Engineering Council Test Reliability Report

Scope aligned with Slack channel #dezvoltare, covering 2026-03-28 07:00 to 2026-04-04 07:00. Metrics and timings are sourced from GitLab pipelines, jobs, and test-report artifacts for the daily 6 PM regression suite and the production smoke suite. Trend charts use daily buckets across this window.

Executive Snapshot

7
Daily Runs
4/7
Daily Green
19m 58s
Avg Daily Runtime
7
Smoke Attempts
4/7
Smoke Green
1m 54s
Avg Smoke Runtime
2m 50s
Median Smoke Time
2
Current Green Streak

Executive Analysis

Bottom line: release confidence is unstable in both the broad regression path and the deploy smoke path.

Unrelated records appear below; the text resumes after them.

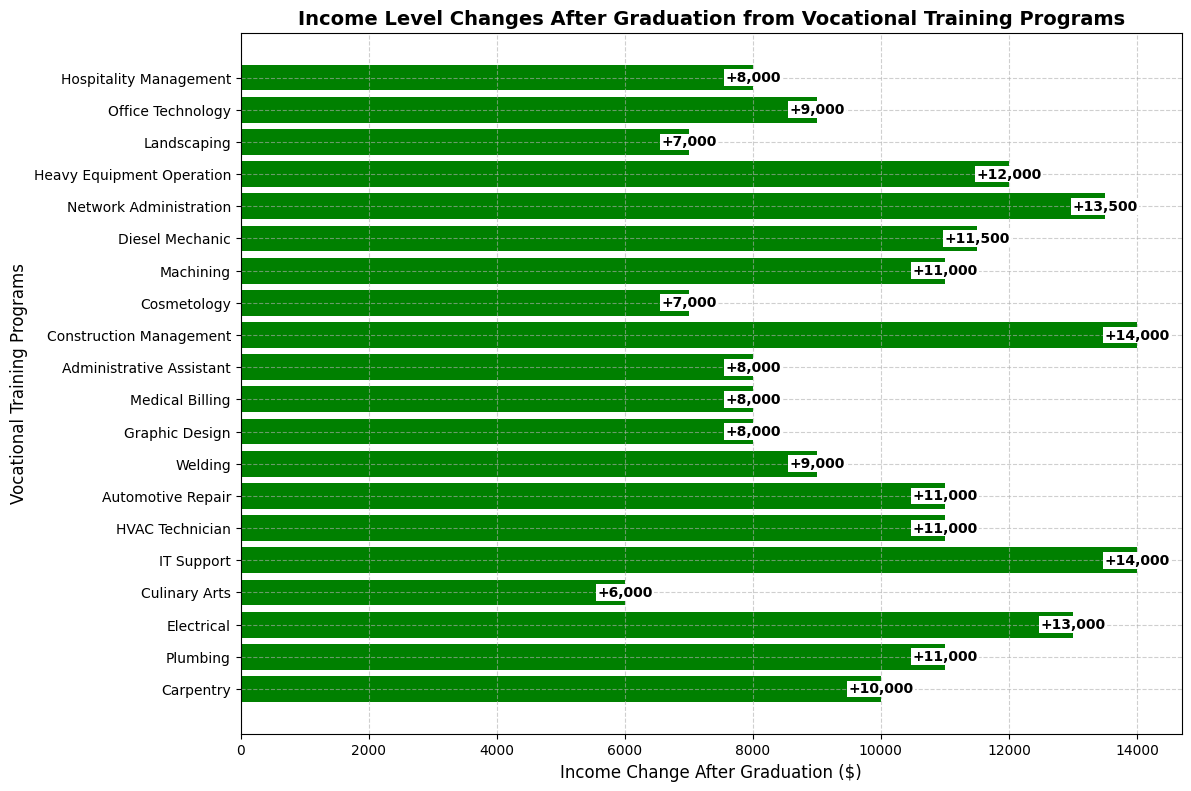Which vocational training program shows the greatest increase in income after graduation? The bar that extends the furthest to the right represents the greatest increase. In this case, it is Electrical.
Answer: Electrical Which program shows the least increase in income? The bar that extends the shortest to the right represents the smallest increase. This is Cosmetology.
Answer: Cosmetology How many programs result in an income increase of at least $15,000? Count the bars that extend to at least $15,000. These are Carpentry, Plumbing, Electrical, IT Support, HVAC Technician, Construction Management, Machining, Diesel Mechanic, Network Administration, and Heavy Equipment Operation. There are 10 such programs.
Answer: 10 Which programs show an increase in income of more than $20,000? Find the bars that extend beyond $20,000. These are Electrical, IT Support, Construction Management, Network Administration, and Heavy Equipment Operation.
Answer: Electrical, IT Support, Construction Management, Network Administration, Heavy Equipment Operation What is the average income increase across all programs? Sum each program's income increase and divide by the total number of programs. The income changes are as follows: 10000+11000+13000+6000+14000+11000+11000+9000+8000+8000+8000+14000+7000+11000+11500+13500+12000+7000+9000+8000. The sum is 198000. Dividing by 20 programs, the average increase is 198000/20 = 9900.
Answer: 9900 Which program has an income increase closest to the average increase? Compare each program’s increase to the average of $9900. The data points closest to this value are Carpentry ($10000) and Plumbing ($11000).
Answer: Carpentry Compare the income increase of Electrical and IT Support programs. Which one has a higher increase? The bar for Electrical extends to $13000, while the bar for IT Support extends to $14000. IT Support has a higher increase.
Answer: IT Support What percentage increase does the Carpentry program have relative to its initial income? The initial income for Carpentry is $25,000, and the increase is $10,000. The percentage increase is (10000/25000)*100 = 40%.
Answer: 40% Are there any programs with a negative income change after graduation? Look for any bars extending to the left. None of the bars extend to the left, indicating all programs have positive income changes.
Answer: No What is the combined income increase for Culinary Arts, Medical Billing, and Office Technology? The increases for these programs are $6000 for Culinary Arts, $8000 for Medical Billing, and $9000 for Office Technology. Summing these: 6000+8000+9000 = $23000.
Answer: 23000 
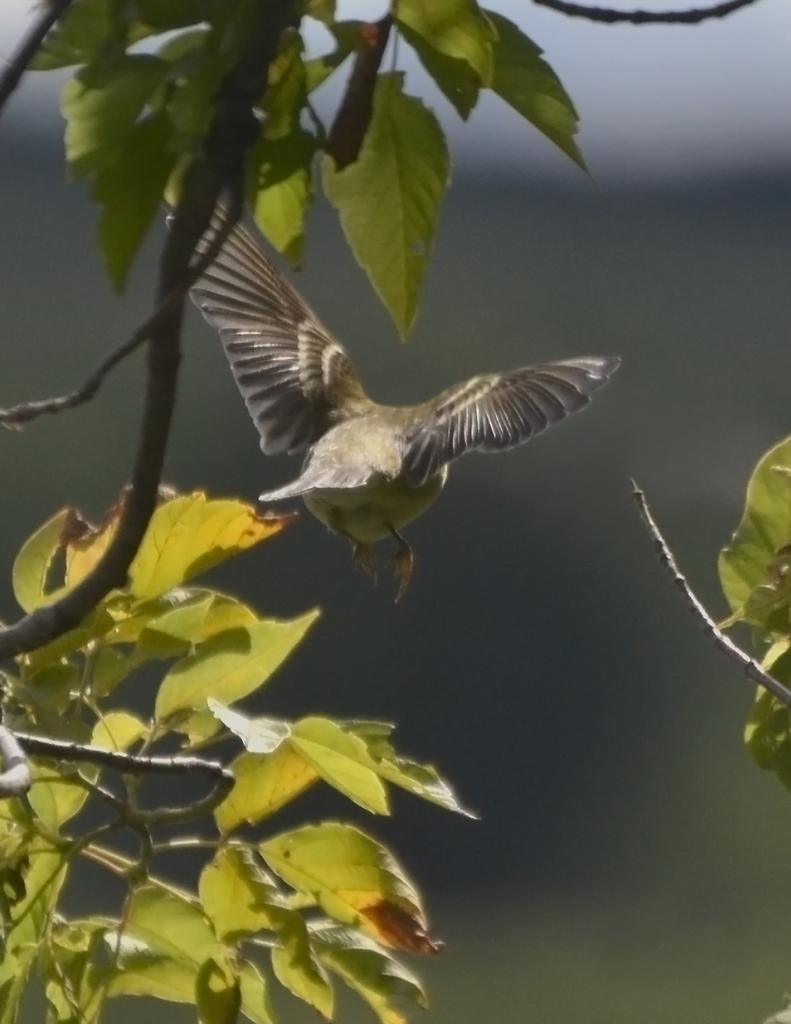What type of animal can be seen in the image? There is a bird in the image. What is the bird perched on in the image? There is a tree in the image. Can you describe the background of the image? The background of the image is blurred. What type of loaf is the bird holding in the image? There is no loaf present in the image; it features a bird perched on a tree. Is the writer playing the guitar in the image? There is no writer or guitar present in the image. 
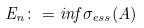<formula> <loc_0><loc_0><loc_500><loc_500>E _ { n } \colon = i n f \sigma _ { e s s } ( A )</formula> 
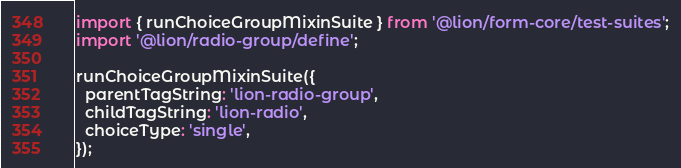<code> <loc_0><loc_0><loc_500><loc_500><_JavaScript_>import { runChoiceGroupMixinSuite } from '@lion/form-core/test-suites';
import '@lion/radio-group/define';

runChoiceGroupMixinSuite({
  parentTagString: 'lion-radio-group',
  childTagString: 'lion-radio',
  choiceType: 'single',
});
</code> 
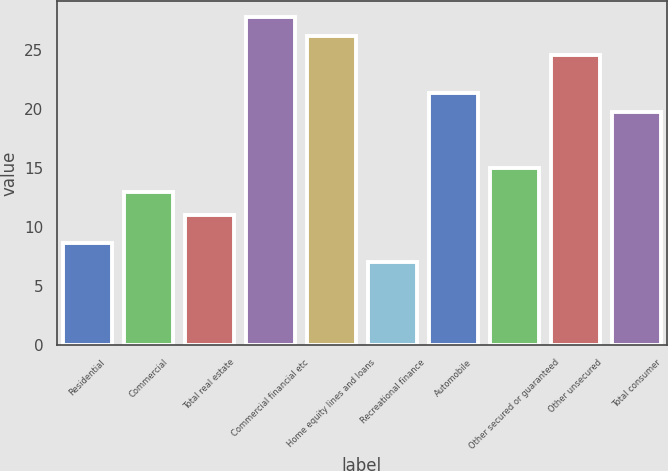Convert chart. <chart><loc_0><loc_0><loc_500><loc_500><bar_chart><fcel>Residential<fcel>Commercial<fcel>Total real estate<fcel>Commercial financial etc<fcel>Home equity lines and loans<fcel>Recreational finance<fcel>Automobile<fcel>Other secured or guaranteed<fcel>Other unsecured<fcel>Total consumer<nl><fcel>8.6<fcel>13<fcel>11<fcel>27.8<fcel>26.2<fcel>7<fcel>21.4<fcel>15<fcel>24.6<fcel>19.8<nl></chart> 
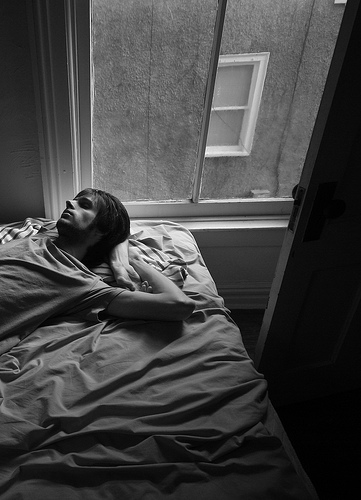The person that is lying is lying where? The person is lying in the bed.

The immediate job is to separate real product regressions from execution noise, then burn down the concentrated failure clusters.

What Matters

  • Daily regression passed 4 of 7 runs (57.1%), with a current green streak of 2 and a best streak of 2 in this window.
  • Smoke passed 4 of 7 attempts (57.1%) across 5 production pipelines. 2 pipeline(s) recovered on rerun, which is useful for continuity but also a sign that first-pass deploy signal is noisier than it should be.
  • Failure concentration is not random: Frontend has the highest strict failure ratio at 0.39%, while Frontend has the broadest non-pass footprint at 0.39%.
  • Frontend is the weakest smoke surface in this window at 2/5 green (40.0%).
  • Daily-suite runtime averaged 19m 58s, while observed daily test volume moved from 1,189 to 1,233.

Engineering Analysis

  • A release gate should fail loudly for product regressions and quietly for infrastructure noise. Rerun recoveries and incomplete smoke attempts suggest those two failure modes are still partially mixed together.
  • The failure profile is concentrated enough to act on. Frontend and Frontend are carrying the strongest signal, which means reliability work should be assigned by category ownership instead of treating the suite as one undifferentiated problem.

Recommended Actions

  • Assign one owner to Frontend for the next cycle and expect a short written burn-down: top failing tests, suspected root causes, flake versus regression breakdown, and what gets fixed or quarantined first.
  • Treat the daily regression suite like an operations queue until it is calm again: triage failures after each red run, close known-noise items fast, and avoid letting multiple unrelated red signals pile up between runs.
  • Put Frontend smoke under closer guardrails for the next release cycle. It is the best place to improve first-pass deploy confidence quickly.

Improvement Ideas

  • Introduce a small reliability budget for tests: every flaky or quarantined case needs an owner and an expiry, and the team should review that budget weekly the same way it reviews bugs or incidents.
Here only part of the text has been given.